4 Timeless Marketing Strategies for Small Businesses

Don’t succumb to Shiny Object Syndrome.


Most business owners come down with Shiny Object Syndrome on occasion, but the risk is especially high when it comes to marketing. Everybody wants to make sure they’re using every tool they can to win more business—or at the very least, not fall behind the competition.

Unfortunately, not every marketing trend is created equal. Some will revolutionize your ability to engage customers for decades to come. Some are the second coming of the Pet Rock.

Marketing trends work best when they are logically incorporated into timeless strategies—those which are proven to reach your audience and compel them to act.

Here are some tried and true ways for marketing your small business:

Use a CRM System

Customer relationship management (CRM) systems close the gap between sales and marketing. With a well-constructed and well-maintained CRM, you can accurately segment your customers, identify their needs and track your relationship with them. Based on where they fall in the sales process, you can then tailor messages in a more meaningful way, which leads to a faster increase in sales and better customer retention and satisfaction.

If those benefits alone aren’t enough to convince you that a CRM is worthwhile, here are two more. A CRM system results in an overall better customer experience because you can deliver the right message at the right time. Plus, if the cost was holding you back from buying one, there are CRMs on the market today priced for any business size.

Consolidate Your Marketing Efforts

Search marketing is quickly outpacing the ability of do-it-yourselfers to handle matters on their own. It makes sense for small businesses to hire a trusted partner who’s familiar with evolving best practices, who might have status as a Google Partner.

But search marketing isn’t a stand-alone activity. It requires strategy development, written content, graphic design and expertise in user experience, as well as some expert SEO knowledge to perform well. Small businesses can and should consolidate marketing vendors, suppliers and agencies or freelancers to achieve streamlined integration.

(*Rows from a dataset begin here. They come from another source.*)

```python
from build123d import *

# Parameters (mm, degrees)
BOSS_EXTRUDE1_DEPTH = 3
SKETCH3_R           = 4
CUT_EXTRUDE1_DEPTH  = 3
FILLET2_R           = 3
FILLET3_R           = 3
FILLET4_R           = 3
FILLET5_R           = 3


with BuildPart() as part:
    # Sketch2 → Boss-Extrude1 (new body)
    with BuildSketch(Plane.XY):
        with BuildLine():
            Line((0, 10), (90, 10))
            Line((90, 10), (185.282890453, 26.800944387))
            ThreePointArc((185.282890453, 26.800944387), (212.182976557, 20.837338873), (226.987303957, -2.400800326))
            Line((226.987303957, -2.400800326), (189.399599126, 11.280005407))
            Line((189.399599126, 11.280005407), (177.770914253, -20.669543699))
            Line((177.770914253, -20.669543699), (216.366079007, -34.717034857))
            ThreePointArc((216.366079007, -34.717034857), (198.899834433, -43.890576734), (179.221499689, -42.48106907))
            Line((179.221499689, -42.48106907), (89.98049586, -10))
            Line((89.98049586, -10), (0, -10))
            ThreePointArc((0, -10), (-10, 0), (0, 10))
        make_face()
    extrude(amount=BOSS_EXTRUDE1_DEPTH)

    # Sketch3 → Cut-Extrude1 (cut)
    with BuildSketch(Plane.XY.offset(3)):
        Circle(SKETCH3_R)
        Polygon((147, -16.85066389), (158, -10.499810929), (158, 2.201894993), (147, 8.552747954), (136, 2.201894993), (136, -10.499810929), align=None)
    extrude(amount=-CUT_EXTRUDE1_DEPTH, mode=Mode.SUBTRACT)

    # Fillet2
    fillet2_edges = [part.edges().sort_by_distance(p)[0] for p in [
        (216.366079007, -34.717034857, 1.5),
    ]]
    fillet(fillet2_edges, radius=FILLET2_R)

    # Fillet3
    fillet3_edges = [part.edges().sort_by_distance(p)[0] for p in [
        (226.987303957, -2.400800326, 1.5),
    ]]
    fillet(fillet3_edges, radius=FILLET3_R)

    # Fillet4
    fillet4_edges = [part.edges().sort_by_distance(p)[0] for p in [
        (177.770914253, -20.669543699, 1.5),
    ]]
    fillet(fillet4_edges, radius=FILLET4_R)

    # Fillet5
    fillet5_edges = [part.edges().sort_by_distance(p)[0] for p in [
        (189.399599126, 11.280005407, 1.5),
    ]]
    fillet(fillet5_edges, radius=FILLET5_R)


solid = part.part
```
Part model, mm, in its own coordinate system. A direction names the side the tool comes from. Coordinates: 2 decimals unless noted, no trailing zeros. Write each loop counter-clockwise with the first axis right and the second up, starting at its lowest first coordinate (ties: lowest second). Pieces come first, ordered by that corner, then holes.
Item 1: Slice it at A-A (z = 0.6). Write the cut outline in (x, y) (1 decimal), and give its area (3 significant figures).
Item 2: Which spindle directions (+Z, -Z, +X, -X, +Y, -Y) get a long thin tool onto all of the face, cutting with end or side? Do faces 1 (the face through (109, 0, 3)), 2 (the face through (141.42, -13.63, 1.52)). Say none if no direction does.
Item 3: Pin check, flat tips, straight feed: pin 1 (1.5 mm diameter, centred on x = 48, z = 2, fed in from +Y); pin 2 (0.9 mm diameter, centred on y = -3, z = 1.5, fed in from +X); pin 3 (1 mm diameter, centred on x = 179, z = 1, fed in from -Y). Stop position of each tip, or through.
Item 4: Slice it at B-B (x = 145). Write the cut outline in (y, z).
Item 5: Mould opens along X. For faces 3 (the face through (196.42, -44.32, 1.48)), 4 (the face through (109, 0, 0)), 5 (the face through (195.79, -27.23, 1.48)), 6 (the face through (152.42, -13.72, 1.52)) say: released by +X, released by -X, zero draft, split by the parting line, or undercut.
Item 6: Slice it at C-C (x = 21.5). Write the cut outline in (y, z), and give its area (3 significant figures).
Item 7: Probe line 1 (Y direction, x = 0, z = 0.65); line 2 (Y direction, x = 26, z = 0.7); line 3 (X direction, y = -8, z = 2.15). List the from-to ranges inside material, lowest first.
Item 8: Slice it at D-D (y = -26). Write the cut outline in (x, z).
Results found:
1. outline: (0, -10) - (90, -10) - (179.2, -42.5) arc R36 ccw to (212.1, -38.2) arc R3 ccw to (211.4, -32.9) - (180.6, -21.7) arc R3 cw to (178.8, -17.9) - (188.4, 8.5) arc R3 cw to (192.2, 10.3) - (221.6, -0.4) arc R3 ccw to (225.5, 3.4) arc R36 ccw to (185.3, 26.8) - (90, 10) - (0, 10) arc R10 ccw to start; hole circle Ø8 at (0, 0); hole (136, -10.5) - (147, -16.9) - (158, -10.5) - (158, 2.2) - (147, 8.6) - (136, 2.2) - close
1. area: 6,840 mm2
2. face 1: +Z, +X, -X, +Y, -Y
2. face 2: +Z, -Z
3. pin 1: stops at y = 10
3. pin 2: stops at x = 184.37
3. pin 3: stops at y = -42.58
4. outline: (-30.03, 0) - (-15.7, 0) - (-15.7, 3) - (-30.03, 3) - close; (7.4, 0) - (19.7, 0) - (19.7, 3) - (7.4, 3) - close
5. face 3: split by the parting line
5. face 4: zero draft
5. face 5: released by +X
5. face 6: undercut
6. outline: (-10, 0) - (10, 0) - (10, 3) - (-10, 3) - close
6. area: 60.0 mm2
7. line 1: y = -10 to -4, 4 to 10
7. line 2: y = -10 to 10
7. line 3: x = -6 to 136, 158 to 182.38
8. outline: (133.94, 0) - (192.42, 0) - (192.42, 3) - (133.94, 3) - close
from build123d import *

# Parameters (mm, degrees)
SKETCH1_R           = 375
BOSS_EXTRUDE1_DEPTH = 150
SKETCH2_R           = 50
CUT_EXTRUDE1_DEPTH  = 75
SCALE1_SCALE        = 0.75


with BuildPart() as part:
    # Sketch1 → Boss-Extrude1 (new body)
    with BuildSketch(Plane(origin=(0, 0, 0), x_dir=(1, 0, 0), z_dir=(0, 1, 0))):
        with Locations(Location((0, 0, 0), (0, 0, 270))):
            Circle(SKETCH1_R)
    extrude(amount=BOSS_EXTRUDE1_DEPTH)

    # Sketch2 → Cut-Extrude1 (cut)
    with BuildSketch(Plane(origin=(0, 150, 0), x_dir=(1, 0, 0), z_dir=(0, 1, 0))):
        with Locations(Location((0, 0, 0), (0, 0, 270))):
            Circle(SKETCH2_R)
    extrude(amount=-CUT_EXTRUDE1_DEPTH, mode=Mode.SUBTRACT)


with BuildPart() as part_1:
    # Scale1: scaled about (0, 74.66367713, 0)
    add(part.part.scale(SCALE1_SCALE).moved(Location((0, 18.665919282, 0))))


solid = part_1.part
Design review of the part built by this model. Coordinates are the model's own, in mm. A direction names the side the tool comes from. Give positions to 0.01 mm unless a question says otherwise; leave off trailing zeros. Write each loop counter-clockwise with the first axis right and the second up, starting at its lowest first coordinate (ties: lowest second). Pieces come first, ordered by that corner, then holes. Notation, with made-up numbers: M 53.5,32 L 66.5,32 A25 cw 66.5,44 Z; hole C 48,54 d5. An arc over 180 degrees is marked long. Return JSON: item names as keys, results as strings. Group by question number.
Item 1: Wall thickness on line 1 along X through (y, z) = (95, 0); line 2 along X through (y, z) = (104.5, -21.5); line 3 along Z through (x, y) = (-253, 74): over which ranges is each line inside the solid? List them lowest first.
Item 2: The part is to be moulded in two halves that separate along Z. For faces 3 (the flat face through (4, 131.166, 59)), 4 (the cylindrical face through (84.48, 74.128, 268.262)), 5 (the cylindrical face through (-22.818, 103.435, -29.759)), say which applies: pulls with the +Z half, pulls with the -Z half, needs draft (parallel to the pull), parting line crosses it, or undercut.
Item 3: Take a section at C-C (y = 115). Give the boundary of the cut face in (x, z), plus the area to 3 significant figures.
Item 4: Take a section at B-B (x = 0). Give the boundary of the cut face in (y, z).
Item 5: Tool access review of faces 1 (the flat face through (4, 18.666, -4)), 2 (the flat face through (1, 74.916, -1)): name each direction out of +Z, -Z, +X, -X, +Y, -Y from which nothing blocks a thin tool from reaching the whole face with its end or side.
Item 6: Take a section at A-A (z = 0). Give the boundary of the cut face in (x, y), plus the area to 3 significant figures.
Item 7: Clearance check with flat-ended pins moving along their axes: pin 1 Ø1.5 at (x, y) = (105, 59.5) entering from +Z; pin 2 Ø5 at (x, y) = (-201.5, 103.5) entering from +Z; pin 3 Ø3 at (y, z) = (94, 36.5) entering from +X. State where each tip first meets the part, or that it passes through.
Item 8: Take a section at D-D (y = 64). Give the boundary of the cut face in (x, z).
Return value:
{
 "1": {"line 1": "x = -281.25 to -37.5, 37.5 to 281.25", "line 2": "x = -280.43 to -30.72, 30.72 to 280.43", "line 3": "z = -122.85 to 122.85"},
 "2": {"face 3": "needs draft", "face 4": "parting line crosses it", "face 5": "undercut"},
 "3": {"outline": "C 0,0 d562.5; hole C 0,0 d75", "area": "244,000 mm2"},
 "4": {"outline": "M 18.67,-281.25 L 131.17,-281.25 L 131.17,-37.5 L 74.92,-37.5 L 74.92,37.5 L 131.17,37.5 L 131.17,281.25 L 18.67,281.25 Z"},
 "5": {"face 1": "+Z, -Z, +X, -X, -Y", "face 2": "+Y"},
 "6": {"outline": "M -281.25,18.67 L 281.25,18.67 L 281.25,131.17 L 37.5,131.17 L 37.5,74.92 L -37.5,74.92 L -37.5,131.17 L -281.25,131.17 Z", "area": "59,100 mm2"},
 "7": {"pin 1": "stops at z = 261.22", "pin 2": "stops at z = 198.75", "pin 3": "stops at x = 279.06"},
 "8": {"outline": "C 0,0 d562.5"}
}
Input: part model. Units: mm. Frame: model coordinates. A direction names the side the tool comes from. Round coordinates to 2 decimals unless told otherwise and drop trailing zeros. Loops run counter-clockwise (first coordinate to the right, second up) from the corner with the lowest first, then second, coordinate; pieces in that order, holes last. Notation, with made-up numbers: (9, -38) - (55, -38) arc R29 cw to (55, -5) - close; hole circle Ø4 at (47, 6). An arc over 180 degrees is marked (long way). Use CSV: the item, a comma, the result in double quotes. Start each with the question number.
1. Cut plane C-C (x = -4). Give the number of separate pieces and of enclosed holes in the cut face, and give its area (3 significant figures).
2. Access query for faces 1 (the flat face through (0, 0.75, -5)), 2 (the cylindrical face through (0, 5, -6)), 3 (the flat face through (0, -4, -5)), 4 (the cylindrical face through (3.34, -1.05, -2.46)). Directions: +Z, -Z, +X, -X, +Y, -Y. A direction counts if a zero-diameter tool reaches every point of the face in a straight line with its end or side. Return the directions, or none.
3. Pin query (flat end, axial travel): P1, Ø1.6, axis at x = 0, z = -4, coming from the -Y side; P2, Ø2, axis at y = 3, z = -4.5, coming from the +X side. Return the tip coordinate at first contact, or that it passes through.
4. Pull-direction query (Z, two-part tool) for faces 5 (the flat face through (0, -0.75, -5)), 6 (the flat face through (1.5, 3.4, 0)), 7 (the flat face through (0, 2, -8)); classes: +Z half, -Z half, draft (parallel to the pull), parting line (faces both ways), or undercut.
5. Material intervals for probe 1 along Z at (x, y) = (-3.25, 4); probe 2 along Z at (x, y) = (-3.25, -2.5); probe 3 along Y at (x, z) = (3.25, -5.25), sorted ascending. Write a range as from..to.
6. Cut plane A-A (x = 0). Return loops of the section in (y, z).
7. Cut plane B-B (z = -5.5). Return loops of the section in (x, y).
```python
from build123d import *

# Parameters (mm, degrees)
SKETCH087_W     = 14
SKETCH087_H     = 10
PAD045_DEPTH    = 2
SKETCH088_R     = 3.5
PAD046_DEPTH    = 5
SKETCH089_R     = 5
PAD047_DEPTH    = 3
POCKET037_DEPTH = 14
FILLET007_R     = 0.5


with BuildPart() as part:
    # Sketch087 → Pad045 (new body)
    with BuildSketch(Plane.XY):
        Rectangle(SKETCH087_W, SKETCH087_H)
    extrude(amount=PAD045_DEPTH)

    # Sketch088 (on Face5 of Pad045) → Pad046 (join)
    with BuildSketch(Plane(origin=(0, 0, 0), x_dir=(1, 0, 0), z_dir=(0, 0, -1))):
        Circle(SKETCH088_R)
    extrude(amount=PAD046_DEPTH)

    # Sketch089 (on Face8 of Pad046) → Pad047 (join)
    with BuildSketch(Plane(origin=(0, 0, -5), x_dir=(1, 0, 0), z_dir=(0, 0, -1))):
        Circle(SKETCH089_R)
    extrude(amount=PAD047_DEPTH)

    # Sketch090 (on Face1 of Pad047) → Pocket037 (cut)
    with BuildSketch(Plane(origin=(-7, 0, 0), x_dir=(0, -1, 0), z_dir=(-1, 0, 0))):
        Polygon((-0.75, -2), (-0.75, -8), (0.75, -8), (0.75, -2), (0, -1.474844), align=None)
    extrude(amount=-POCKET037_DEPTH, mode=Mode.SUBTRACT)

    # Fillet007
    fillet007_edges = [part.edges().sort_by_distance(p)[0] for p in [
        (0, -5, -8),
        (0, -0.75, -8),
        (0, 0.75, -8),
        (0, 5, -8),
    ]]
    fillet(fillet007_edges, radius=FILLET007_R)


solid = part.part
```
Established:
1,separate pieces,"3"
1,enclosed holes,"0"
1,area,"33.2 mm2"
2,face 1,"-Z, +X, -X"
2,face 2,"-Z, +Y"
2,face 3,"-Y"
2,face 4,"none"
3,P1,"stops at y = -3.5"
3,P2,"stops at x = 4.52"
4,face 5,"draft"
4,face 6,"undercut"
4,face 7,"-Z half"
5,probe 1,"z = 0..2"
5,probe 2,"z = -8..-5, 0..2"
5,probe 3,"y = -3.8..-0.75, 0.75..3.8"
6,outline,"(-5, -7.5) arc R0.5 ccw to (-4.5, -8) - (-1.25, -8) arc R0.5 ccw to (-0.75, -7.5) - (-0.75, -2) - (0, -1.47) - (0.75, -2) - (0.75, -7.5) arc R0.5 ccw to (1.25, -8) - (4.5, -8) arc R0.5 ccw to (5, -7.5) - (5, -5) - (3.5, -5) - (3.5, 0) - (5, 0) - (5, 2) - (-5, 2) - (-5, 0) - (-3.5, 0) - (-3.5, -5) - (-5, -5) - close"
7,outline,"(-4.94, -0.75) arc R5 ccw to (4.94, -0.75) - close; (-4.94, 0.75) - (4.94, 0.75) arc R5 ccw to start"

Simply put, by consolidating your marketing sources, the left hand knows what the right hand is doing and vice versa. Doing so means different strategies can work in tandem to reach sales goals.

Put Your Money Where It Performs Best

Evaluate your marketing budget just like you do your other budgets. Look at which marketing avenues are leading your sales and identify those that aren’t. Then you can move money from the nonperformers to those proven to grow your sales.

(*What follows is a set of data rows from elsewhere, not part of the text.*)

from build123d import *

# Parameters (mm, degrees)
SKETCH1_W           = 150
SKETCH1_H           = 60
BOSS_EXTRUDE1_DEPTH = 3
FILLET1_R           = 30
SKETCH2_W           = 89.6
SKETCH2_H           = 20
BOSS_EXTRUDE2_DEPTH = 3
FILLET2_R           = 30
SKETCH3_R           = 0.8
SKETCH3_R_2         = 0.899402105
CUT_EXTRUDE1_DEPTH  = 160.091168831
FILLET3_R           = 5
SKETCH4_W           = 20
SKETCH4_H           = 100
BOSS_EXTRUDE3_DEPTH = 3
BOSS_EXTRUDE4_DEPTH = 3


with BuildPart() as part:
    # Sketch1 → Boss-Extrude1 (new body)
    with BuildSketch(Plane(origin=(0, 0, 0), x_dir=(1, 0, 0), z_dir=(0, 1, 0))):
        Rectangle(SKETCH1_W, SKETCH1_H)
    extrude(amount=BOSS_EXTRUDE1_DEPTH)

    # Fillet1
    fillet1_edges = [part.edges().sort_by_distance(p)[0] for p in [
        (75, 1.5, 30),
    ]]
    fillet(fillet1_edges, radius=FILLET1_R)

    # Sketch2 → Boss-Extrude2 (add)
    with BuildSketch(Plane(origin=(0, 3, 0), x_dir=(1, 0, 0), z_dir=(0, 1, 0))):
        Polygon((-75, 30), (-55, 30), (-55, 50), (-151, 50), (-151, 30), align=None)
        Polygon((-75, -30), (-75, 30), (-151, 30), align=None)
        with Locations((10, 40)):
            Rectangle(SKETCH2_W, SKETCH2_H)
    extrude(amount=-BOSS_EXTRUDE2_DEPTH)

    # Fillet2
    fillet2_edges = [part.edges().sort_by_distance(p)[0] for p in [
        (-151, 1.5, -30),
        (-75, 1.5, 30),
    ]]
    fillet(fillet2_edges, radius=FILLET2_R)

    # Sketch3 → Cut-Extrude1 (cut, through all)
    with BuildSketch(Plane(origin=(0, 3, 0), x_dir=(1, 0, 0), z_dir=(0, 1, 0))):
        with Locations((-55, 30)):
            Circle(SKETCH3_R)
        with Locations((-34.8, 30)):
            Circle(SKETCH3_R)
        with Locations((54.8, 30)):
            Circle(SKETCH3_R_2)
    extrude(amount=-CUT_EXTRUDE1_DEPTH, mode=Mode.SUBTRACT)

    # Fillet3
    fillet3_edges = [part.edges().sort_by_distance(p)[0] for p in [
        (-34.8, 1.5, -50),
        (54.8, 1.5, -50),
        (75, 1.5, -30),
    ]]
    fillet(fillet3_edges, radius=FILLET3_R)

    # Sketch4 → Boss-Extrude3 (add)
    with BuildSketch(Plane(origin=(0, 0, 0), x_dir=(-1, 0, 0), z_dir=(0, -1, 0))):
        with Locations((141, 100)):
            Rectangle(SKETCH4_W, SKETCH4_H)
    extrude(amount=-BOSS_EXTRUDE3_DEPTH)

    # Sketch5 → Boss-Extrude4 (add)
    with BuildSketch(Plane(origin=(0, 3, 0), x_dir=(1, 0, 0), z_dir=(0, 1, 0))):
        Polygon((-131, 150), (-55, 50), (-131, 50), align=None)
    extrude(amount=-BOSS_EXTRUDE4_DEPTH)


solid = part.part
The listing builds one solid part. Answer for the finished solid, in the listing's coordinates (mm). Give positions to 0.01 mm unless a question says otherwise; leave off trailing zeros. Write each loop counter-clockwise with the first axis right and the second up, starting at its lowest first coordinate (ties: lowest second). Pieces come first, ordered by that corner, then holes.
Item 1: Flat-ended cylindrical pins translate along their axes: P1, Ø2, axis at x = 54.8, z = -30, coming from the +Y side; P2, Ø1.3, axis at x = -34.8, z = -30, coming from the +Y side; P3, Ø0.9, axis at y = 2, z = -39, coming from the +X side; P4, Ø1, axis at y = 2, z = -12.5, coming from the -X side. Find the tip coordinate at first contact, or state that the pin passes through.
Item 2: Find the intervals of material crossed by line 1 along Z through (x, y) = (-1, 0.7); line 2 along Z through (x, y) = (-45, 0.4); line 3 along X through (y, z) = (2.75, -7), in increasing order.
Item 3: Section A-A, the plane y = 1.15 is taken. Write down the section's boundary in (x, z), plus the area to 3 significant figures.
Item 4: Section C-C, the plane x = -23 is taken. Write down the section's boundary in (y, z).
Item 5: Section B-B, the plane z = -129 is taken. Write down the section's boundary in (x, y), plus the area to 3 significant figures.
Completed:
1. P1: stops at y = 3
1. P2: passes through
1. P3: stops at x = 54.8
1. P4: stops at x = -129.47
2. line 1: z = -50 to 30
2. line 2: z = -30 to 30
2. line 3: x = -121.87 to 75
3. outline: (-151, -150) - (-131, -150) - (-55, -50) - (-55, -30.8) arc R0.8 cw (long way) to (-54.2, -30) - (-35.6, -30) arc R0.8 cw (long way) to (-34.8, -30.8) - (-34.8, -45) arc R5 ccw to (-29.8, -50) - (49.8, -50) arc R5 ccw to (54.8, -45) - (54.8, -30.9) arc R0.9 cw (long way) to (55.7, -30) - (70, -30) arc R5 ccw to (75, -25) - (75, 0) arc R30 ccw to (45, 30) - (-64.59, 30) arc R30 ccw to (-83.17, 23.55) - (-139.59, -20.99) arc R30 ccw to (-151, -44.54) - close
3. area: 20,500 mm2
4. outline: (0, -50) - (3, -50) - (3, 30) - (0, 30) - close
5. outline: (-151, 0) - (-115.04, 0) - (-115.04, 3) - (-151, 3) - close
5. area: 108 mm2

Maybe it’s time to question what a salesperson said you needed to do. You might need to do something different from what you’ve always done in the past. Incredibly, even in 2016, there are small businesses sticking with Yellow Pages advertising even when they can’t recall the last time a customer found them there.

Team Up to Achieve Economy of Scale

Collaborative marketing is timeless because it works. For years, like-minded companies have come together in marketing because they target the same audiences. Retail merchants with storefronts in the same shopping center. A VoIP phone service provider and a computer networking company. A specialty pet food company and a veterinary clinic. You get the gist.

Trends, while new and well … trendy, can leave you with a useless Pet Rock or a website with Flash animation. Both cool at the time; not so much now. Some trends can be embraced with little financial investment. Others cost thousands of dollars or more and return little, especially as the trend withers away.

Small business owners don’t have the luxury of being trendy. Sure, you can incorporate elements, but there’s no magic bullet. Ensuring that every marketing dollar is allocated to align with your marketing goals is what’s most important.